Хорошая служанка в доме Солейн — это то, чего не замечают. Ты подаёшь вино прежде, чем бокал опустеет, и уходишь прежде, чем на тебя упадёт взгляд. Ты знаешь, с какой стороны обойти госпожу Иллуну, когда у неё болит голова, и в какой час у молодого господина портится настроение, и что в такие часы лучше не дышать. Я знала в этом доме всё: где скрипит третья ступень, сколько свечей велено жечь в Малом зале, чью чашку нельзя перепутать под страхом порки. Знать — это было моё ремесло. Знать и не быть.
В вечер, с которого всё началось, в Малом зале давали приём в честь помолвки, и воздух был плотным от Дара.
Я видела его так, как видят только пустые — со стороны, снаружи, как нищий видит витрину. У каждого Одарённого искра проступала под кожей, если приглядеться: тёплый отсвет вдоль ключиц, вдоль запястий, там, где кровь ближе к поверхности. У госпожи Иллуны он был ровный и золотой, как у всех Солейнов. У её гостей — кто побледнее, кто поярче, целая ярмарка чужого света, по которому здесь считывали, кому кланяться. Я разносила вино и считала искры, потому что это было безопаснее, чем считать часы до конца смены.
Нынче их собралось особенно много. Помолвку младшей из Солейнов справляли с размахом, какой заводят, когда хотят, чтобы весь Верхний город увидел и запомнил: гости прибывали кланами, и каждый клан вносил в зал свой цвет Дара, будто знамя. От тех, чей домен — рост, тянуло прелой зеленью; от лекарских рук шло ровное белое тепло, от которого унималась головная боль у стоящих рядом; Солейны горели поверх всех золотом, потому что принимали у себя и потому что могли себе позволить гореть. Я скользила между этими огнями с кувшином и была среди них единственной тенью — тенью, которую держат при свете, чтобы было кому носить подносы.

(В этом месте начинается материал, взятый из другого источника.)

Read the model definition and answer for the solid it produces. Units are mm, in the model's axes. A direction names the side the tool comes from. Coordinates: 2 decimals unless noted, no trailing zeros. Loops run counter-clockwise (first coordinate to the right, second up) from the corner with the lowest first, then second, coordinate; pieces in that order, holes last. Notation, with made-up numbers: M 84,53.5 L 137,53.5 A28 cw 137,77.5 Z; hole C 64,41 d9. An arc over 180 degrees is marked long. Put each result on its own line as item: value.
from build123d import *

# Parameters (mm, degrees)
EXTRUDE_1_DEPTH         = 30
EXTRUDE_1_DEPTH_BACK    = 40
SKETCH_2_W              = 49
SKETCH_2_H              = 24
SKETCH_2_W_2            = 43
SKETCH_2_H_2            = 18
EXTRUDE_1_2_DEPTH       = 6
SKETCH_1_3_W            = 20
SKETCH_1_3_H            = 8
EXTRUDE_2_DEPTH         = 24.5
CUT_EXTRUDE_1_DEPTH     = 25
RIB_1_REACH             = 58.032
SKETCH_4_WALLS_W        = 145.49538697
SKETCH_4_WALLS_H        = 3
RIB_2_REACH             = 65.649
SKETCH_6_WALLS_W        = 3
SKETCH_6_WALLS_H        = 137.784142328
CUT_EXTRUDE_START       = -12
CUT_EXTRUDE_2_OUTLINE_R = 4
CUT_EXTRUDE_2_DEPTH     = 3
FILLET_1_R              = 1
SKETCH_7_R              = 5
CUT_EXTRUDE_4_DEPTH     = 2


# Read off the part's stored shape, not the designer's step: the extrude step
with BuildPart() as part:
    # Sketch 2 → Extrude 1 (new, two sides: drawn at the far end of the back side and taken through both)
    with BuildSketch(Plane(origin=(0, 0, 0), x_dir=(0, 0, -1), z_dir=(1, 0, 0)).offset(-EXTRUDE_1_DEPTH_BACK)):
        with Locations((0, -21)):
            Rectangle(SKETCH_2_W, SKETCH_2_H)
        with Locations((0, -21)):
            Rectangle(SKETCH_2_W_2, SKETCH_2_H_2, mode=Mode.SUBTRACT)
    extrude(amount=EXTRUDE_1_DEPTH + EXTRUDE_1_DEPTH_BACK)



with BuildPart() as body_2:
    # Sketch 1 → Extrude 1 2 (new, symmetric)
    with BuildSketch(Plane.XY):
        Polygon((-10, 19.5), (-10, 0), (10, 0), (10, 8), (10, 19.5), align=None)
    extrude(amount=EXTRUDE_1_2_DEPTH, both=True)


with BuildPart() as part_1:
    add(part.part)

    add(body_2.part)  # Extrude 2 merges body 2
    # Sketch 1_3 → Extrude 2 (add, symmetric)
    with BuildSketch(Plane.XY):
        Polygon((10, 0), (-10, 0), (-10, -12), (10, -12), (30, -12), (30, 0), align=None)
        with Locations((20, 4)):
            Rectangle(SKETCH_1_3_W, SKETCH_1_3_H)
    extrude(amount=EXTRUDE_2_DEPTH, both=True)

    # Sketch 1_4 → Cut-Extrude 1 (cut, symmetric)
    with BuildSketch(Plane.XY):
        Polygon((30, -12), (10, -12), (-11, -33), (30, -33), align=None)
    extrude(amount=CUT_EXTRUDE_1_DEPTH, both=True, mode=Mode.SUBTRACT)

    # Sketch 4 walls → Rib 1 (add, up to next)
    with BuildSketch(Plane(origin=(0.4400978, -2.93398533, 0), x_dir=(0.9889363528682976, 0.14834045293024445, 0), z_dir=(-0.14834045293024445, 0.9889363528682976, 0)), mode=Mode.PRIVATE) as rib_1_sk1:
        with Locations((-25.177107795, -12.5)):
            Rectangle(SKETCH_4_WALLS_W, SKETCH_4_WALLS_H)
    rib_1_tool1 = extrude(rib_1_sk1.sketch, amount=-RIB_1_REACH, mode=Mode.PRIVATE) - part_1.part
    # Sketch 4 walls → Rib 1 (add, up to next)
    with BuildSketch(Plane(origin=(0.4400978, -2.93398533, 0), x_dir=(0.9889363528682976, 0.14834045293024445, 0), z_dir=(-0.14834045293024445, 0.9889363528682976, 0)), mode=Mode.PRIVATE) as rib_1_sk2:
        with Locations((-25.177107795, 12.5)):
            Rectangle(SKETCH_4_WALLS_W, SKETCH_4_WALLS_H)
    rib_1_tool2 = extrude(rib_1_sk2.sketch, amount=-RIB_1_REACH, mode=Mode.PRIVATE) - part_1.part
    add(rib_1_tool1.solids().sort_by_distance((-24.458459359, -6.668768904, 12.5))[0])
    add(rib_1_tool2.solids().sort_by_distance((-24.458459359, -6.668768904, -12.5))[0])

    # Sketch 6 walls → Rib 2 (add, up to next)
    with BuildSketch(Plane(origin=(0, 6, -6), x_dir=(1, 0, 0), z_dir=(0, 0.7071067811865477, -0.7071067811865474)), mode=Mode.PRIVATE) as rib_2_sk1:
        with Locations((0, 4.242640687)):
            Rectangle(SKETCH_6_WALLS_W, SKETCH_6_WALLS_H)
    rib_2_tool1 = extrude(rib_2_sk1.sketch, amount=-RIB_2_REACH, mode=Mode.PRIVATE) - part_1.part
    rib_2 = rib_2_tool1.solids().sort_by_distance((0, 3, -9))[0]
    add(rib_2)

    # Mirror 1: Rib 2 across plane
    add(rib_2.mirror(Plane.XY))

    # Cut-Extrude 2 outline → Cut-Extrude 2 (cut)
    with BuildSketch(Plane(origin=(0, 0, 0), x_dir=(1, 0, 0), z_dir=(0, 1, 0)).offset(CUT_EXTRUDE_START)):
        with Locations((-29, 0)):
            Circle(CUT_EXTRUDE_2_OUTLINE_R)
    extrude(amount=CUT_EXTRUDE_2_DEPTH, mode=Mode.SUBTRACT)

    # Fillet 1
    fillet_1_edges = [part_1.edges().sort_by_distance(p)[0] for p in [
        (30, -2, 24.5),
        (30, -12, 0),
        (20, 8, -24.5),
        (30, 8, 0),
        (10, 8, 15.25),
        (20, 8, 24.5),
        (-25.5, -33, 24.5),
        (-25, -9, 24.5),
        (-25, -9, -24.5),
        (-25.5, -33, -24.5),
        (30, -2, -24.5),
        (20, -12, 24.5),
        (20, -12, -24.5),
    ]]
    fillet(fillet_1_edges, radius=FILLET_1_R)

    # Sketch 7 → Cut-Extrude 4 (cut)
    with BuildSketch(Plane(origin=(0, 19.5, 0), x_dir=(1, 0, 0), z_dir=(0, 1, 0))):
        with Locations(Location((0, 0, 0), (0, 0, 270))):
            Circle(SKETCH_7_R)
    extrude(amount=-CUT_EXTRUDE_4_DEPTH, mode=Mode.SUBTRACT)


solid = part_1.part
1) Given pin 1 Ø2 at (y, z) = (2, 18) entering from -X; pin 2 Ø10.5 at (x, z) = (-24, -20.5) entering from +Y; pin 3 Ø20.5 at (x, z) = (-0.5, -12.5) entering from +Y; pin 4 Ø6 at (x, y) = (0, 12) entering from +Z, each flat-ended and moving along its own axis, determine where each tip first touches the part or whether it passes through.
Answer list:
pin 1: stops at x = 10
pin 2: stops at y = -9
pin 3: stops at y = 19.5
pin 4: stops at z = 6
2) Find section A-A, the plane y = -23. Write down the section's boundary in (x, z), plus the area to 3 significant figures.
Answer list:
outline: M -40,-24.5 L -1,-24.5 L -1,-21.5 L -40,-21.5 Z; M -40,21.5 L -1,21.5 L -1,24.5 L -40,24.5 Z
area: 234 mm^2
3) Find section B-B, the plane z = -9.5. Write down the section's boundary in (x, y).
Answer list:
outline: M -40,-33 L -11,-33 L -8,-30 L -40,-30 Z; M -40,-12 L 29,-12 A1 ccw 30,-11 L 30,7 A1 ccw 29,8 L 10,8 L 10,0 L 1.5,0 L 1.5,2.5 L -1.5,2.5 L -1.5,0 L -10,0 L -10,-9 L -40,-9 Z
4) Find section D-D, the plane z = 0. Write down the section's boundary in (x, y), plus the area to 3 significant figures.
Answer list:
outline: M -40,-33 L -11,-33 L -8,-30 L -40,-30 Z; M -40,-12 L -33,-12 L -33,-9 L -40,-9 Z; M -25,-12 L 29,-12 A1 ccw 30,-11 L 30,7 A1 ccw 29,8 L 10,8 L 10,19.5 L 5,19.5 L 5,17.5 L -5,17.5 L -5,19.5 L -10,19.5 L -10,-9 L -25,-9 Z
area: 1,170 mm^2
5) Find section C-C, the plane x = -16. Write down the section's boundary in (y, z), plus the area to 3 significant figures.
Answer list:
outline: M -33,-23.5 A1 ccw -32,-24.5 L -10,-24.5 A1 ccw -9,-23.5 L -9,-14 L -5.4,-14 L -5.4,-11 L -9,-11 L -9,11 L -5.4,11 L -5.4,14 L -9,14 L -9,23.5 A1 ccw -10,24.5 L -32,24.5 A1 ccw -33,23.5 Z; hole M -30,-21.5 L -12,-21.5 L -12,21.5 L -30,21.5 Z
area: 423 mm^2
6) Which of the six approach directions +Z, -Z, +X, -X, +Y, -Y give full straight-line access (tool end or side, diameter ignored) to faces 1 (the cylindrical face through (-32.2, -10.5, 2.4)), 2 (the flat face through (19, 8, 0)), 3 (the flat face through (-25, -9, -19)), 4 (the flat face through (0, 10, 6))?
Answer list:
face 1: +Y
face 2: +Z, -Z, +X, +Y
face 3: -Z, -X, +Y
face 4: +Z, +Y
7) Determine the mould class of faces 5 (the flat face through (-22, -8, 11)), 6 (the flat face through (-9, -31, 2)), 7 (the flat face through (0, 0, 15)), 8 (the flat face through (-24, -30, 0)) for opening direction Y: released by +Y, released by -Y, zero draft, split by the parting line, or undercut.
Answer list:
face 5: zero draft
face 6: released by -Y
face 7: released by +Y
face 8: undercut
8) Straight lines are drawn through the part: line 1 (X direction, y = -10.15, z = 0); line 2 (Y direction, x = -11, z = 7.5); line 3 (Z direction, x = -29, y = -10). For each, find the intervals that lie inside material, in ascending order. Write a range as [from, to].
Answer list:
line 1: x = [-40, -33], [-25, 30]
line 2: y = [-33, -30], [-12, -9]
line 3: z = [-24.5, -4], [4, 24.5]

У меня самой под кожей не было ничего. Пустая кровь. Так значилось в реестре Инквизиции, так значилось на медной бирке, вшитой в подкладку у меня на плече, — чтобы всякий Одарённый знал, что к нему прикоснулось ничто, и мог, если захочет, потребовать за это плату.
Двенадцать лет я жила тем единственным, что во мне ценили, — уменьем не быть. Хорошая порожняя угадывает, чего господину захочется, за полшага до самого господина; оказывается там, где нужна, ещё до того, как её позовут; исчезает раньше, чем на неё падёт взгляд. Я наливала воду прежде жажды, подавала плащ прежде озноба, уносила разбитое прежде, чем о нём спохватятся. За это меня терпели. Любить ничто нельзя — но терпят в этом доме дольше, чем любят, и я давно перестала путать одно с другим. Наука была простая: пока с тебя есть прок, ты жива. Прок — единственная монета, какой порожняя платит за право дышать под золотой крышей, и я платила щедро, каждый день, до последнего медяка, и ложилась спать спокойной ровно настолько, насколько щедро успела заплатить.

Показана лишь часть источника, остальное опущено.